Every line below is to be given again precisely; images are to be left out.

Records for the task START

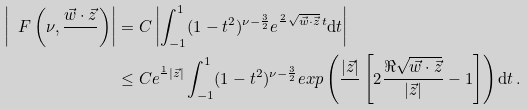Convert formula to latex. <formula><loc_0><loc_0><loc_500><loc_500>\left | \ F \left ( \nu , \frac { \vec { w } \cdot \vec { z } } { } \right ) \right | & = C \left | \int _ { - 1 } ^ { 1 } ( 1 - t ^ { 2 } ) ^ { \nu - \frac { 3 } { 2 } } e ^ { \frac { 2 } { } \sqrt { \vec { w } \cdot \vec { z } } \, t } \mathrm d t \right | \\ & \leq C e ^ { \frac { 1 } { } | \vec { z } | } \int _ { - 1 } ^ { 1 } ( 1 - t ^ { 2 } ) ^ { \nu - \frac { 3 } { 2 } } e x p \left ( { \frac { | \vec { z } | } { } \left [ 2 \frac { \Re \sqrt { \vec { w } \cdot \vec { z } } } { | \vec { z } | } - 1 \right ] } \right ) \mathrm d t \, .</formula> 
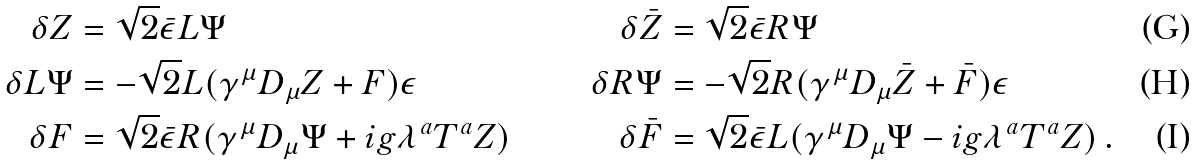Convert formula to latex. <formula><loc_0><loc_0><loc_500><loc_500>\delta Z & = \sqrt { 2 } \bar { \epsilon } L \Psi & \delta \bar { Z } & = \sqrt { 2 } \bar { \epsilon } R \Psi \\ \delta L \Psi & = - \sqrt { 2 } L ( \gamma ^ { \mu } D _ { \mu } Z + F ) \epsilon & \delta R \Psi & = - \sqrt { 2 } R ( \gamma ^ { \mu } D _ { \mu } \bar { Z } + \bar { F } ) \epsilon \\ \delta F & = \sqrt { 2 } \bar { \epsilon } R ( \gamma ^ { \mu } D _ { \mu } \Psi + i g \lambda ^ { a } T ^ { a } Z ) & \delta \bar { F } & = \sqrt { 2 } \bar { \epsilon } L ( \gamma ^ { \mu } D _ { \mu } \Psi - i g \lambda ^ { a } T ^ { a } Z ) \, .</formula> 
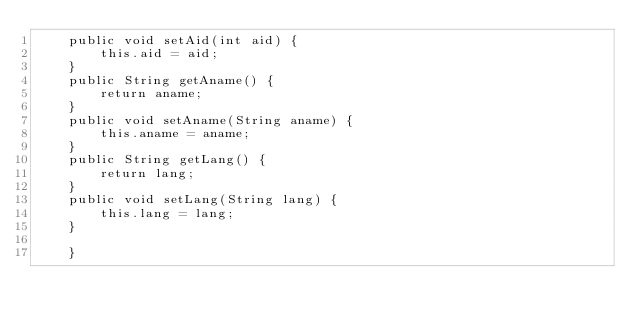Convert code to text. <code><loc_0><loc_0><loc_500><loc_500><_Java_>	public void setAid(int aid) {
		this.aid = aid;
	}
	public String getAname() {
		return aname;
	}
	public void setAname(String aname) {
		this.aname = aname;
	}
	public String getLang() {
		return lang;
	}
	public void setLang(String lang) {
		this.lang = lang;
	}
	
	}
</code> 
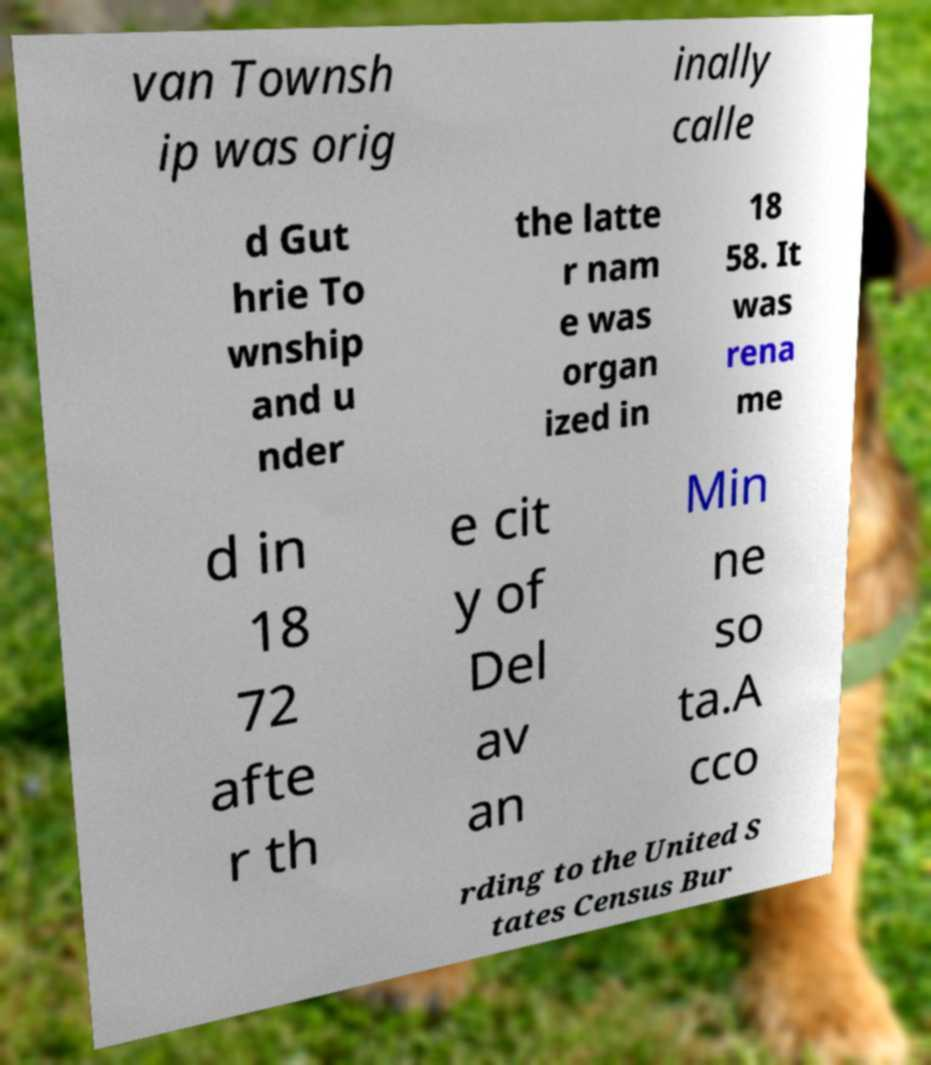Could you assist in decoding the text presented in this image and type it out clearly? van Townsh ip was orig inally calle d Gut hrie To wnship and u nder the latte r nam e was organ ized in 18 58. It was rena me d in 18 72 afte r th e cit y of Del av an Min ne so ta.A cco rding to the United S tates Census Bur 
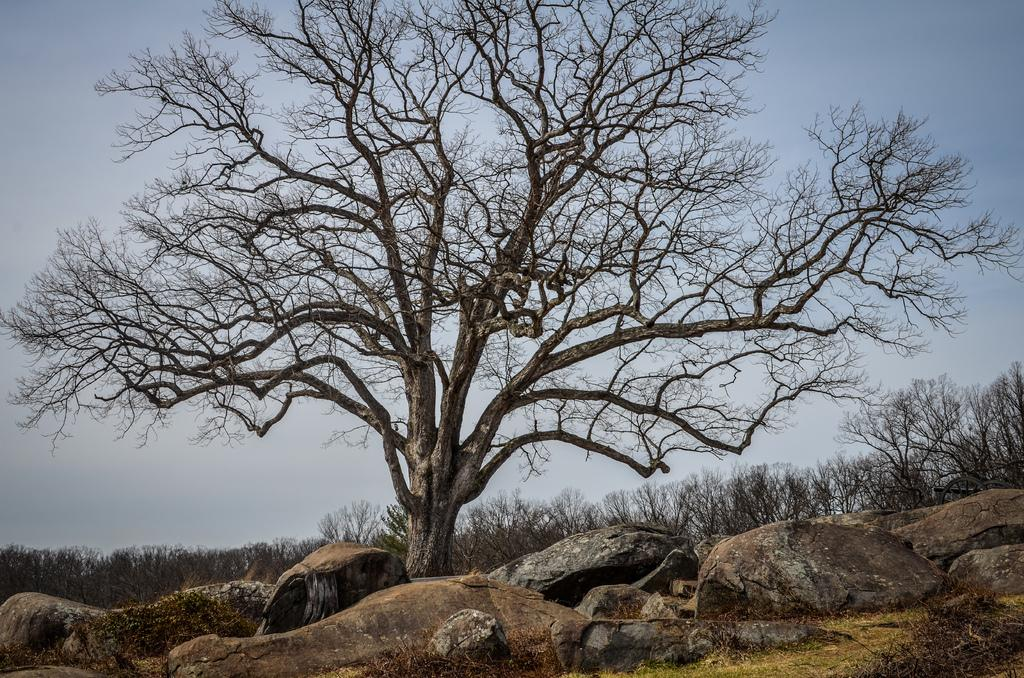What type of objects can be seen in the image? There are stones in the image. What can be seen in the background of the image? There are dried trees in the background of the image. What colors are visible in the sky in the image? The sky is blue and white in color. What is the profit made by the zinc in the image? There is no zinc present in the image, so it is not possible to determine any profit made by it. 
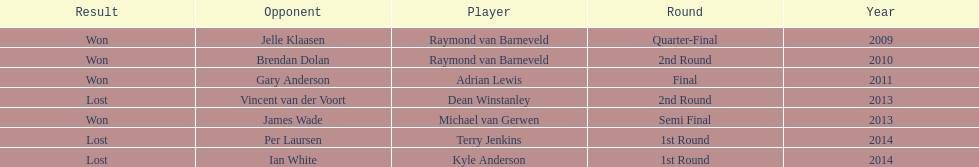How many champions were from norway? 0. 
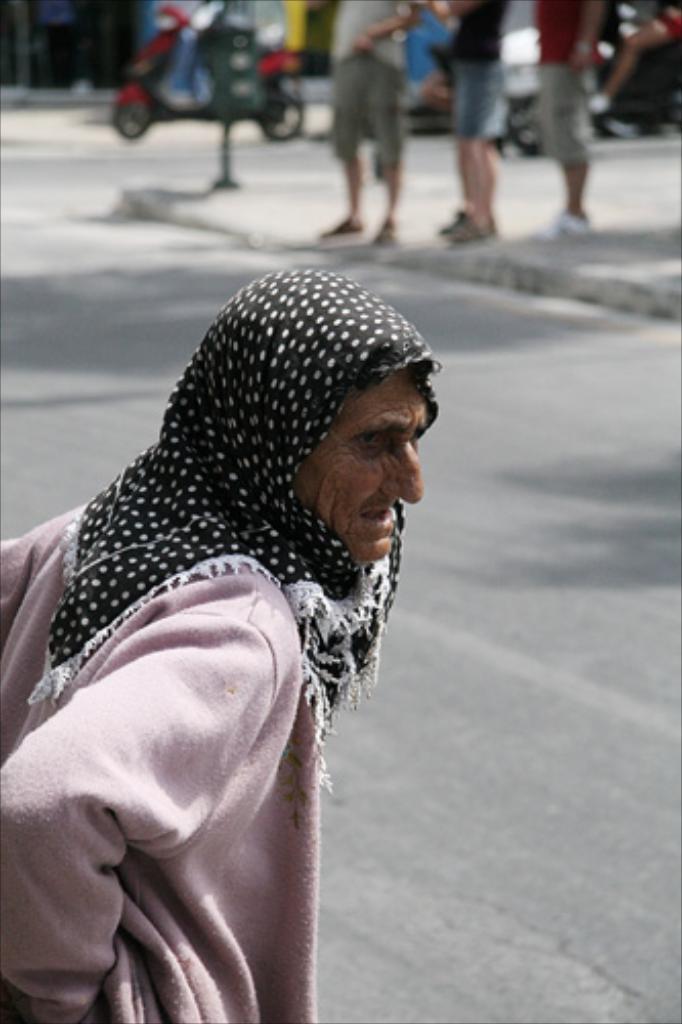Can you describe this image briefly? In this image, on the left there is a person wearing a jacket, scarf. At the top there are people, vehicles, pole, road. 
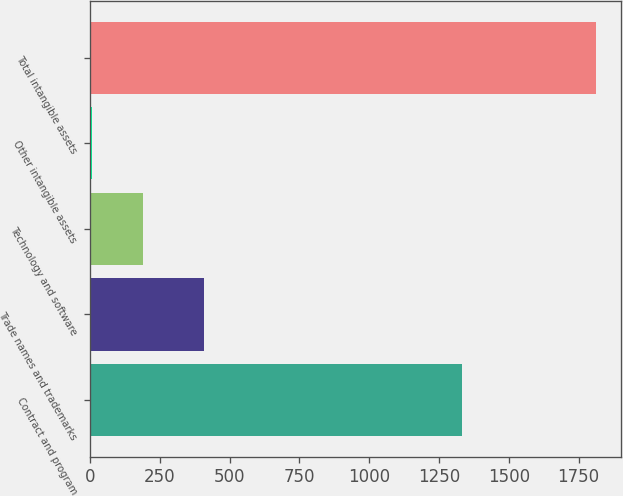<chart> <loc_0><loc_0><loc_500><loc_500><bar_chart><fcel>Contract and program<fcel>Trade names and trademarks<fcel>Technology and software<fcel>Other intangible assets<fcel>Total intangible assets<nl><fcel>1333<fcel>407<fcel>188.5<fcel>8<fcel>1813<nl></chart> 
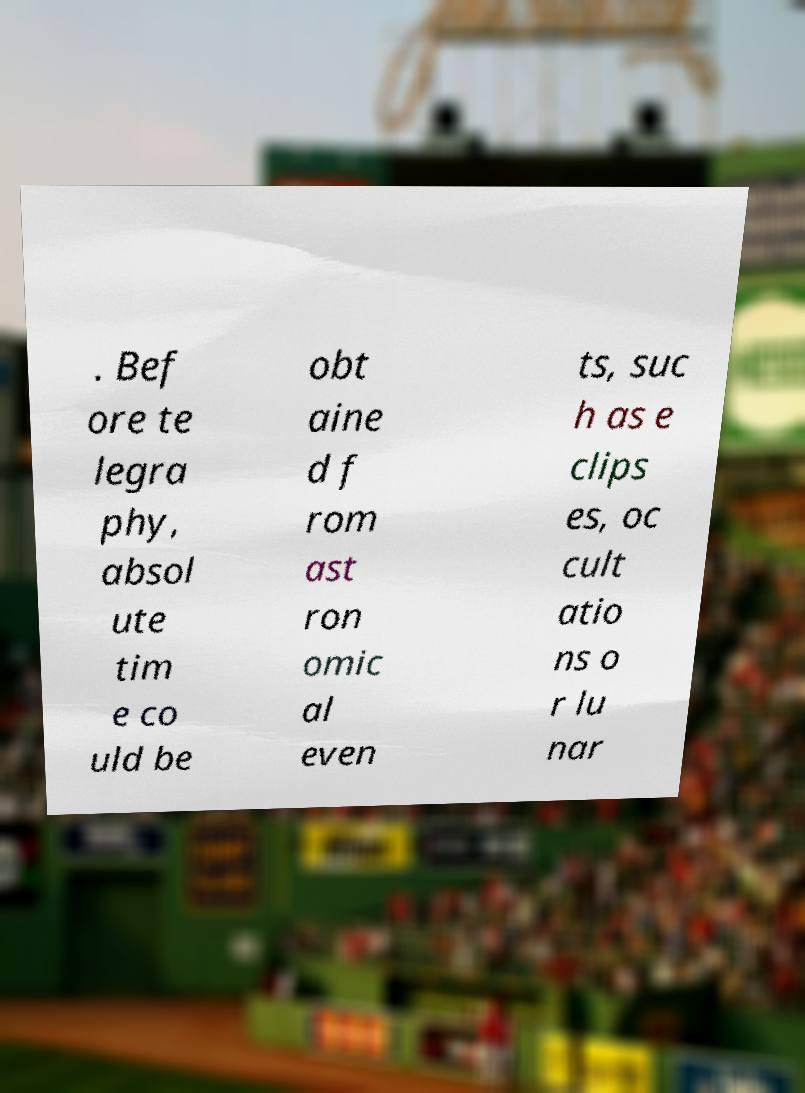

Records for the task END

## Output below
Convert formula to latex. <formula><loc_0><loc_0><loc_500><loc_500>\left | \ F \left ( \nu , \frac { \vec { w } \cdot \vec { z } } { } \right ) \right | & = C \left | \int _ { - 1 } ^ { 1 } ( 1 - t ^ { 2 } ) ^ { \nu - \frac { 3 } { 2 } } e ^ { \frac { 2 } { } \sqrt { \vec { w } \cdot \vec { z } } \, t } \mathrm d t \right | \\ & \leq C e ^ { \frac { 1 } { } | \vec { z } | } \int _ { - 1 } ^ { 1 } ( 1 - t ^ { 2 } ) ^ { \nu - \frac { 3 } { 2 } } e x p \left ( { \frac { | \vec { z } | } { } \left [ 2 \frac { \Re \sqrt { \vec { w } \cdot \vec { z } } } { | \vec { z } | } - 1 \right ] } \right ) \mathrm d t \, .</formula> 
Convert formula to latex. <formula><loc_0><loc_0><loc_500><loc_500>\delta Z & = \sqrt { 2 } \bar { \epsilon } L \Psi & \delta \bar { Z } & = \sqrt { 2 } \bar { \epsilon } R \Psi \\ \delta L \Psi & = - \sqrt { 2 } L ( \gamma ^ { \mu } D _ { \mu } Z + F ) \epsilon & \delta R \Psi & = - \sqrt { 2 } R ( \gamma ^ { \mu } D _ { \mu } \bar { Z } + \bar { F } ) \epsilon \\ \delta F & = \sqrt { 2 } \bar { \epsilon } R ( \gamma ^ { \mu } D _ { \mu } \Psi + i g \lambda ^ { a } T ^ { a } Z ) & \delta \bar { F } & = \sqrt { 2 } \bar { \epsilon } L ( \gamma ^ { \mu } D _ { \mu } \Psi - i g \lambda ^ { a } T ^ { a } Z ) \, .</formula> 
Convert code to text. <code><loc_0><loc_0><loc_500><loc_500><_Java_>	public void setAid(int aid) {
		this.aid = aid;
	}
	public String getAname() {
		return aname;
	}
	public void setAname(String aname) {
		this.aname = aname;
	}
	public String getLang() {
		return lang;
	}
	public void setLang(String lang) {
		this.lang = lang;
	}
	
	}
</code> 
Could you assist in decoding the text presented in this image and type it out clearly? van Townsh ip was orig inally calle d Gut hrie To wnship and u nder the latte r nam e was organ ized in 18 58. It was rena me d in 18 72 afte r th e cit y of Del av an Min ne so ta.A cco rding to the United S tates Census Bur 
What type of objects can be seen in the image? There are stones in the image. What can be seen in the background of the image? There are dried trees in the background of the image. What colors are visible in the sky in the image? The sky is blue and white in color. What is the profit made by the zinc in the image? There is no zinc present in the image, so it is not possible to determine any profit made by it. 
How many champions were from norway? 0. 
Can you describe this image briefly? In this image, on the left there is a person wearing a jacket, scarf. At the top there are people, vehicles, pole, road. 
<chart> <loc_0><loc_0><loc_500><loc_500><bar_chart><fcel>Contract and program<fcel>Trade names and trademarks<fcel>Technology and software<fcel>Other intangible assets<fcel>Total intangible assets<nl><fcel>1333<fcel>407<fcel>188.5<fcel>8<fcel>1813<nl></chart> 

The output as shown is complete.